Orphaned account

Last modified 26 Feb 2026 18:08 +01:00
Orphaned account management feature
This page is an introduction to Orphaned account management midPoint feature. Please see the feature page for more details.

Orphaned accounts are those that exist on a resource, e.g., Active Directory, but which have no corresponding focus in midPoint that would be their owner. It is important to be aware of such accounts and deal with them appropriately as they can pose a serious security risk if left unattended. In this article, we explain the typical root causes behind existence of orphaned accounts, why awareness of them is important, what risks they pose, and how to deal with them.

What causes accounts to be orphans

Orphaned accounts typically appear when:

  • The correlation process fails to match a resource account to a midPoint focal object—the unmatched synchronization situation.

  • The authoritative source system (e.g., HR database) does not cover all the accounts held in the other connected systems. This may be, for instance, because HR department does not keep records of former employees but these are not removed from the other systems.

  • An account is created in a target system manually outside the usual provisioning flow, which is typically source system → midPoint → target systems.

As you can see, all the typical causes boil down to the situation when a target system is not in sync with the authoritative source system.

Why you should keep tabs on orphaned accounts

  • Security: Orphaned accounts are not just litter taking up space in your systems. They can represent a severe attack surface and serve as a foothold for attackers.

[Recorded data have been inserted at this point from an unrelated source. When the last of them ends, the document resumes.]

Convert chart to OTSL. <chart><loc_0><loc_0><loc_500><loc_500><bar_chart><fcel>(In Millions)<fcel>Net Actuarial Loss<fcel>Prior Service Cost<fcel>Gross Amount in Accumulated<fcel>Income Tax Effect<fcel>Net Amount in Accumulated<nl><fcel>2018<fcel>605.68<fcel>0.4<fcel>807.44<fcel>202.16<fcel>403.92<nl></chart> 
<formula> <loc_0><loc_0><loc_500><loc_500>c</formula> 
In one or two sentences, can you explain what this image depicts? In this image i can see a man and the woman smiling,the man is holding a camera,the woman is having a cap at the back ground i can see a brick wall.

  • Data integrity: Orphaned accounts signal gaps between the authoritative identity store, such as the HR database, and the rest of your identity ecosystem, indicating that your IGA model is incomplete.

  • Governance & compliance: Some regulations require every account or service to have an owner; unowned accounts break required audit trails.

  • Operational hygiene: Detecting orphans early prevents the accumulation of "dead" accounts that clutter your systems and increase administrative overhead.

How can orphaned accounts be dangerous

An active orphaned account may retain high privileges without being transparently connected to any individual you can hold accountable. As such, it provides the aforementioned foothold for attackers. They may gain access to such an account in various ways because there is no one accountable for guarding the access credentials. You also have no way to enforce an updated password policy on accounts without owners.

Accounts without owners may also violate security policies and standards that mandate clear identity ownership and lifecycle control.

Last but not least, orphaned accounts may be misused to circumvent some policies, leading to shadow IT practices and loss of visibility over individual responsibility.

Not all orphaned account are bad

There are situation where maintaining orphaned accounts makes sense. It is not like you have to delete every identity that is not in midPoint. The important thing is that you know about such identities and have a process on maintaining them.

  • Service or system accounts that deliberately have no human owner (e.g., scheduled jobs, integration bots).

  • Pending onboarding – an account may be pre‑created in the target system awaiting the arrival of a new employee whose identity has not yet been imported.

  • Legacy applications that cannot be fully integrated with midPoint yet still require functional accounts.

Shadows of such accounts should be explicitly marked in order to exclude them from automated clean-up processes and keep them visible for auditing purposes.

How to deal with orphaned accounts

  1. The first step is to detect the orphaned accounts. Correlate the resource identities and look for the unmatched synchronization situation in the resource account list.

    • If you have not just migrated to midPoint, you likely already have a recurring reconciliation task running. Before you proceed further, we suggest you suspend the task until you are done with the clean-up. In the meantime, you should run it only when you are sure it would not delete any account you wish to keep.

  2. Examine the correlation results and decide for each unmatched account whether it is a valid identity or a truly stray one. There may be accounts you cannot classify at the moment—mark them in the next step for later resolution.

  3. Mark the shadows of legitimate accounts as protected, and those you cannot classify immediately as correlate later. It is up to you which marks you use. The point is to protect the wanted orphans from automatic deletion. Do not mark the shadows of accounts you want to get rid of anyhow, they do not need the protection.

  4. Once you have all orphaned accounts classified, i.e., either marked and protected, or left as they were, update the synchronization rules in order to automate removal of unwanted orphaned accounts during reconciliation (the Delete resource object reaction to the Unmatched situation).

  5. Set up a dashboard displaying the number of unmatched accounts, so that you can monitor them and review the list regularly.

Summary

Understanding orphaned accounts is essential for maintaining a secure, compliant, and well‑governed IGA environment. MidPoint equips you with detection, analysis, and remediation capabilities. By regularly reviewing the unmatched accounts, applying clear policies, and distinguishing legitimate cases, you can mitigate security risks while preserving necessary exceptions.